• **Exercise objective**
Check each line below for "muffins" and give the count of those that have it, nothing else.

*** Opening The data ***

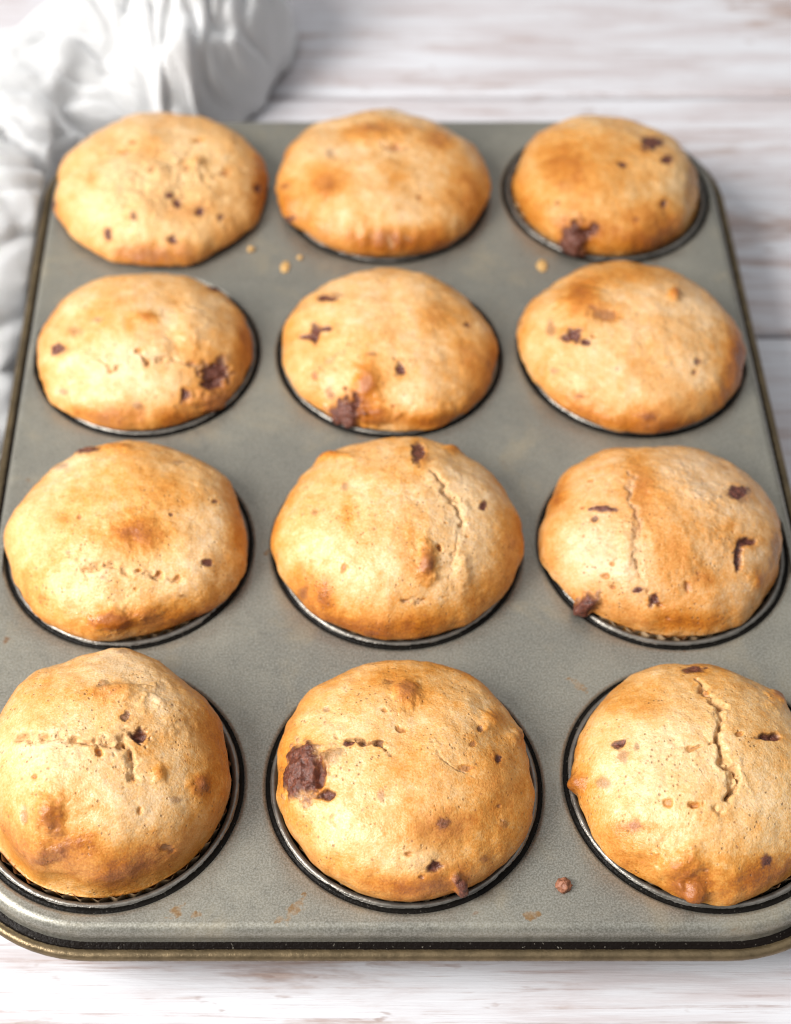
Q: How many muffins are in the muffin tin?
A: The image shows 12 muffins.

*** Closing The data ***
*** Opening The data ***

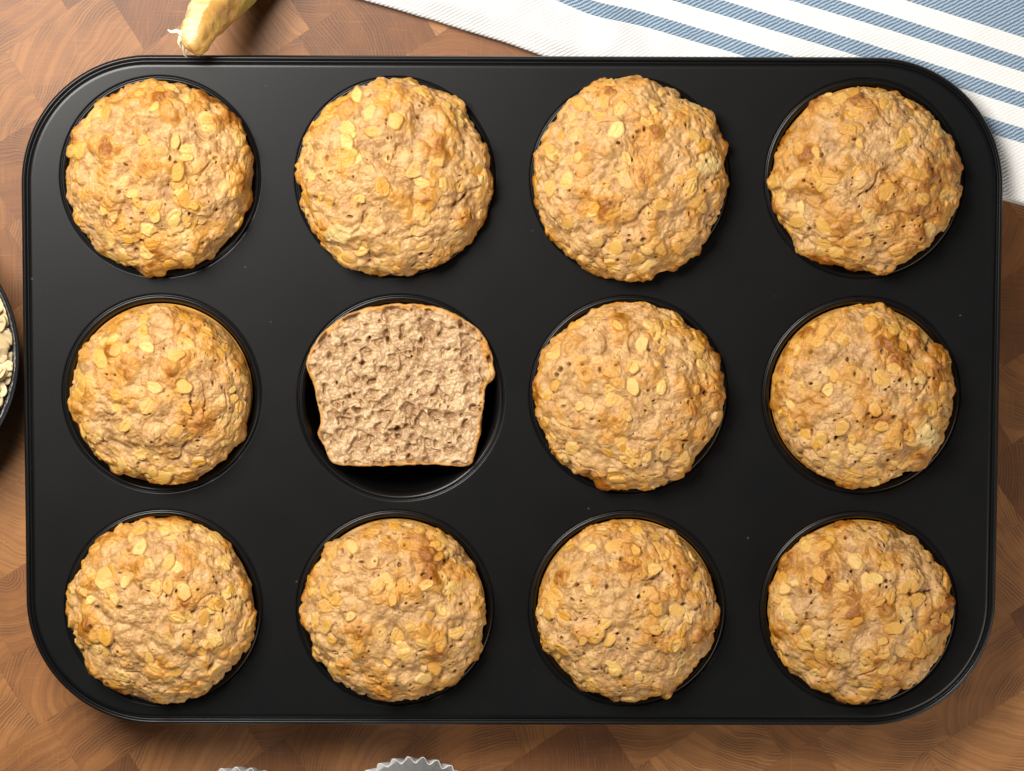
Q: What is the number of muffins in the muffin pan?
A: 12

*** Closing The data ***
*** Opening The data ***

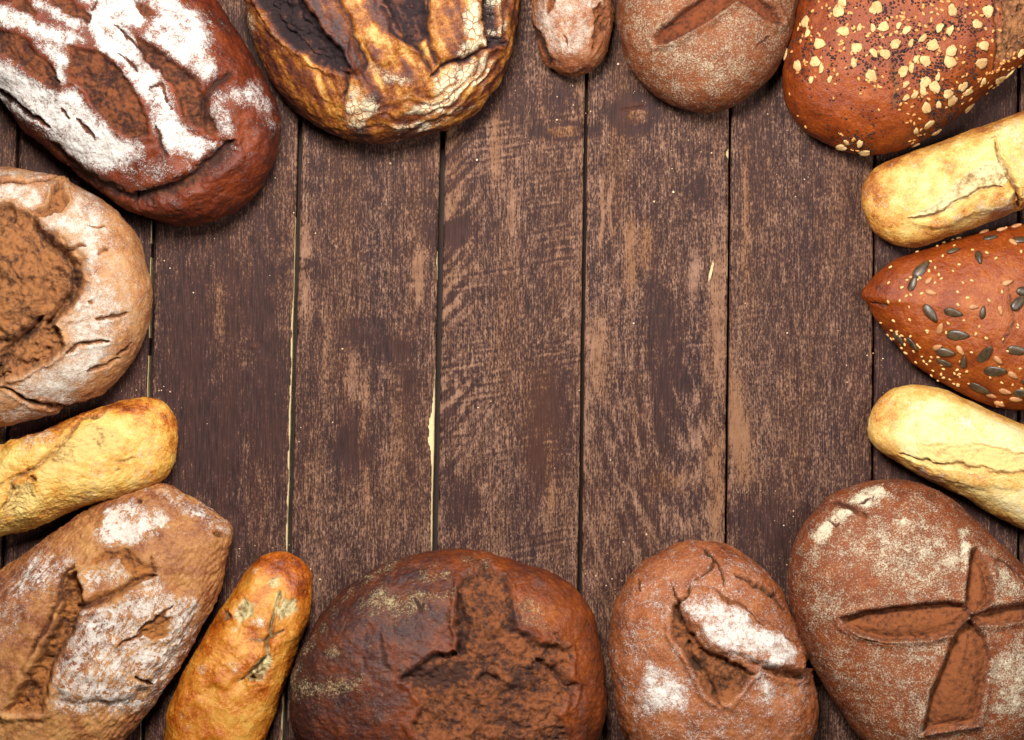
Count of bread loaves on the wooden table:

*** Closing The data ***

• **Output of the exercise**
3